アルセリアはそう言いながら、悪どい笑みを浮かべた。

そのときになって、チェリシアはようやく気が付いた。



アンリーシェにワインをかけて修道院送りにされた令嬢ってお前だったのか――!



いや、ワインかけただけで修道院送りはいくら何でもやりすぎだし。

それに元はと言えばステインがアルセリアを裏切ったからそういう風になったんでしょう?

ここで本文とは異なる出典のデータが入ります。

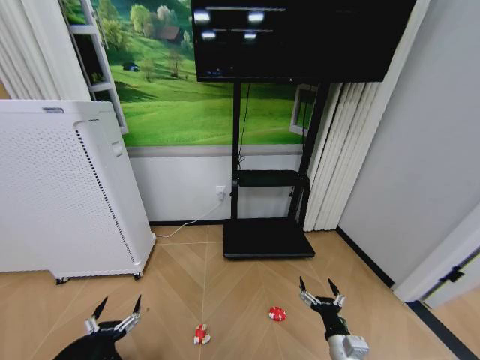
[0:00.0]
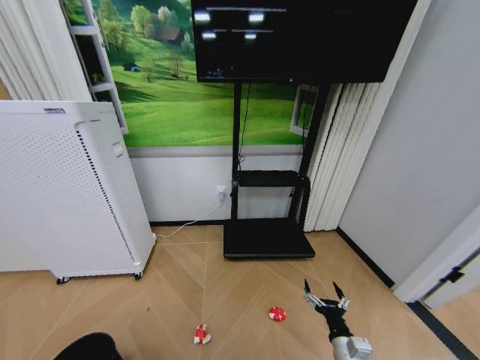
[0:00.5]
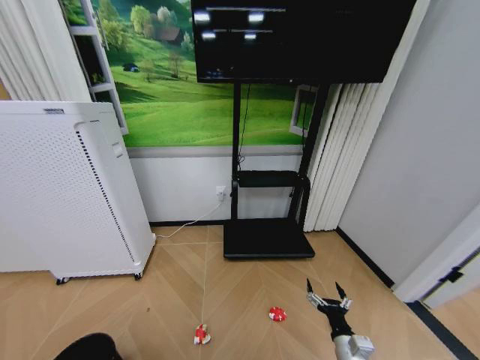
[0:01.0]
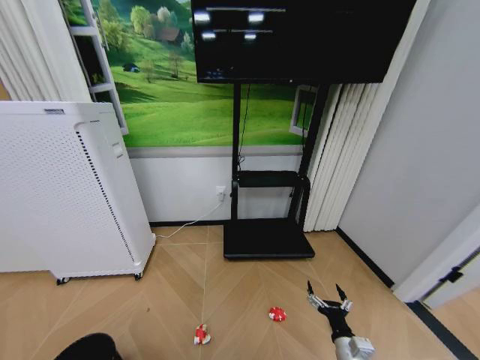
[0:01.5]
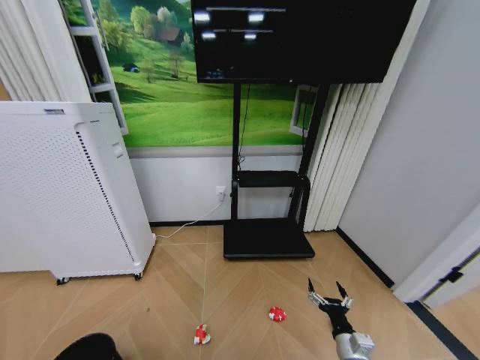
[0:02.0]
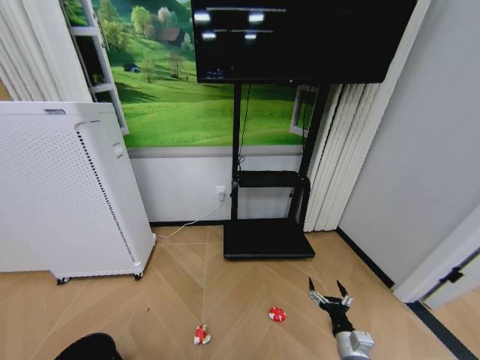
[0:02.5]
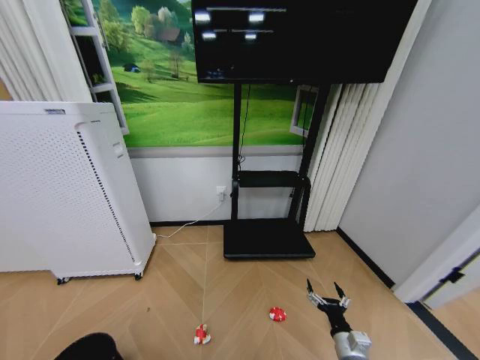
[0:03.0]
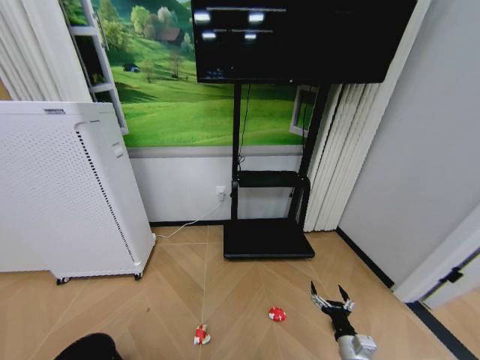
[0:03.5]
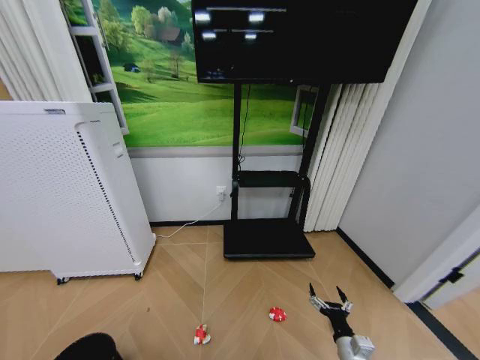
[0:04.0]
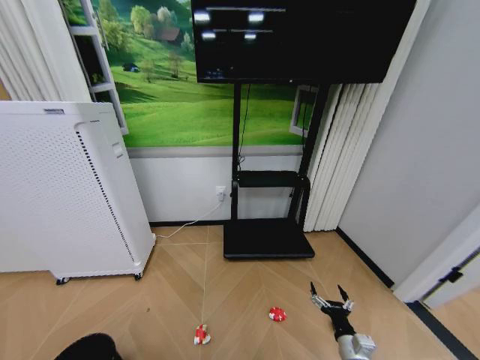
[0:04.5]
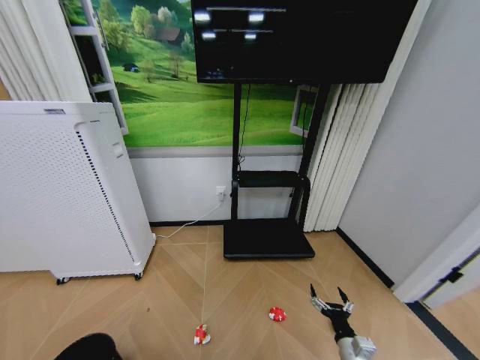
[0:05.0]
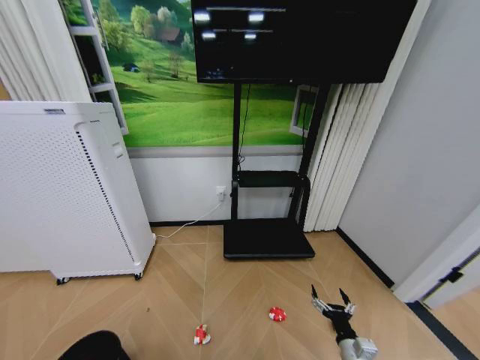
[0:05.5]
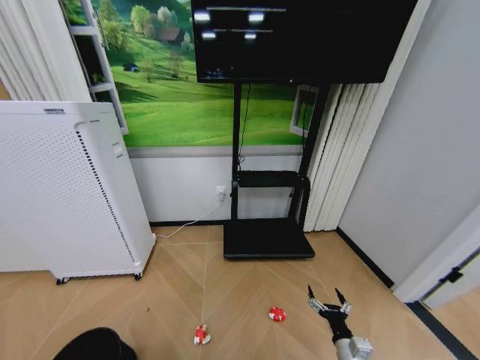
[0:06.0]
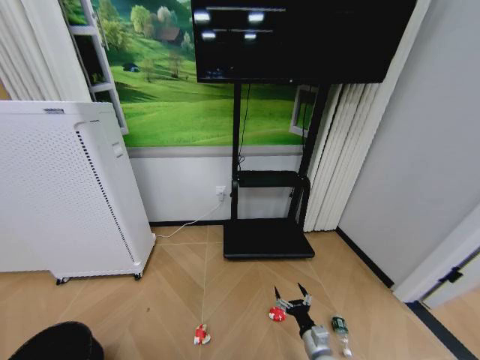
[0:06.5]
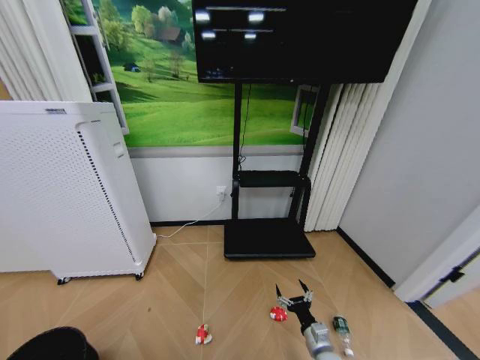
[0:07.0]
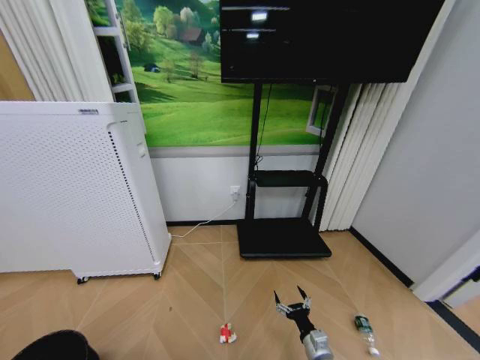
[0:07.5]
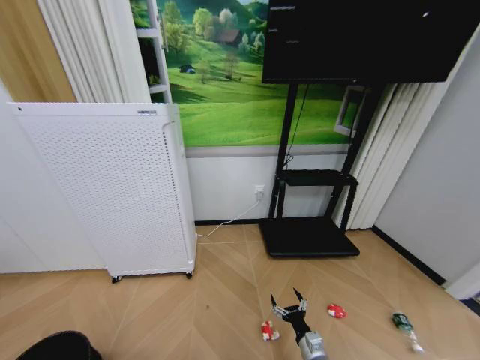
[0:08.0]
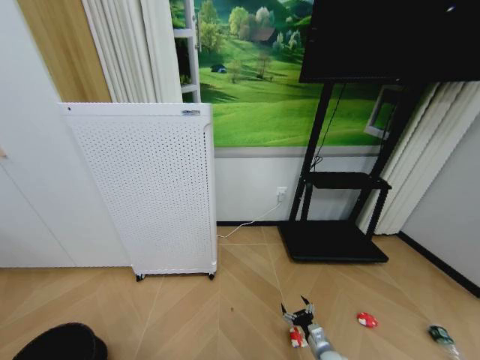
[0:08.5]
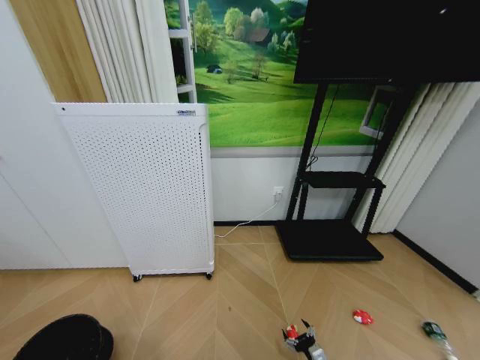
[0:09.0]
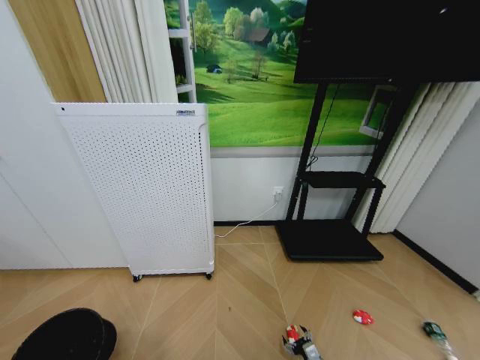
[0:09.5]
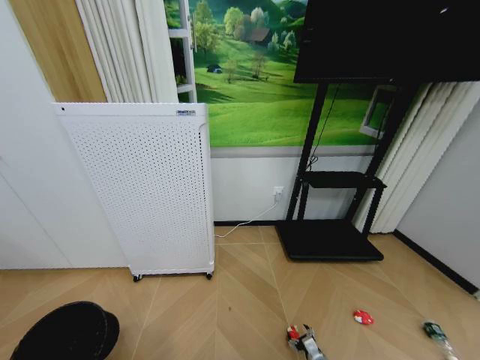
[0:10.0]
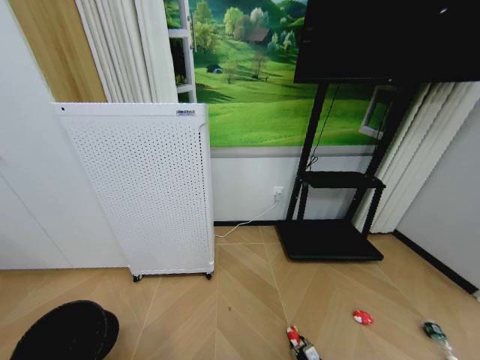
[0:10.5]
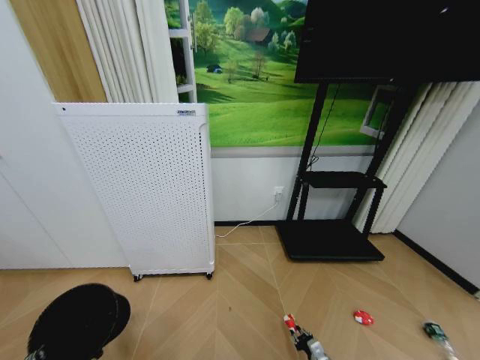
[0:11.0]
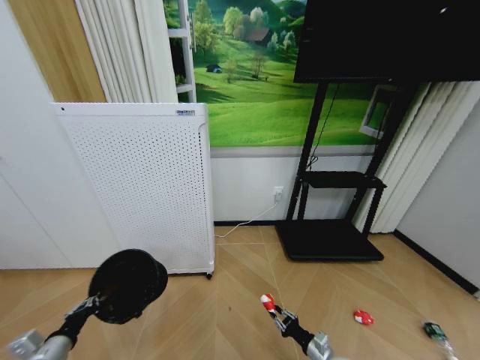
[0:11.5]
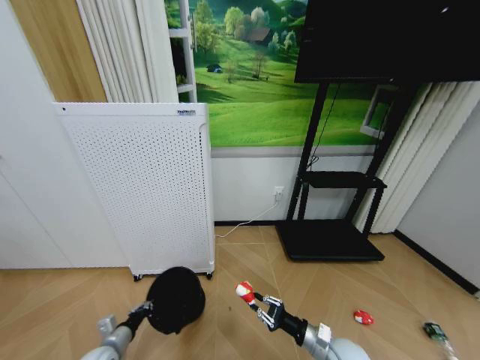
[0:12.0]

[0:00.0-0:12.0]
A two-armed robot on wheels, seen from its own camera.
Task of the whole recording: Pick up the trash bin and place the garbage on the floor into it.
0:00.0 to 0:02.0: The left gripper is displaced backward by approximately 10 cm.
0:04.0 to 0:06.0: The left gripper goes approximately 10 cm downward and forward, and closes.
0:06.0 to 0:08.0: The right gripper shifts about 5 cm to the left.
0:08.0 to 0:10.0: The left gripper shifts by roughly 5 cm. The right gripper goes approximately 20 cm downward and to the right.
0:10.0 to 0:12.0: The right gripper travels upward by approximately 25 cm, and closes its fingers. Meanwhile the left gripper travels forward and to the right by about 25 cm.

「エルンバッハ令嬢、落ち着いてください。そんなことをしてしまえば、令嬢はただでは済まないでしょう……あの二人のためにこの先の人生を棒に振るう必要はないのですよ」

「ロクサーヌ令嬢……」



チェリシアはアルセリアの背中をさすり、何とか彼女を落ち着かせた。



「令嬢がどれほどの目に遭ったかはわかりました。お辛いでしょう」

「……ロクサーヌ令嬢に私の気持ちなんてわかりませんわ」



アルセリアは拗ねたように顔を背けた。

チェリシアはそんな彼女を元気付けるように声をかけた。



「落ち込んだときは何か楽しいことをしないと。あそこの薔薇園とかとっても綺麗ですよ。よかったら一緒に見に行きませんか?」



チェリシアはどうにか慰めようと、さっき通ったばかりの薔薇園を指さした。

しかし、咲き誇る薔薇の花を視界に入れたアルセリアの目からは再び涙が溢れた。



「れ、令嬢……!私、何かいけないこと言いました……!?」

「……あの薔薇園はステイン殿下が私に贈ってくださった最初で最後のプレゼントなのです」

「な、何ですって……?」



あのステインがアンリーシェ以外の女性にプレゼント?

チェリシアは到底信じることができなかった。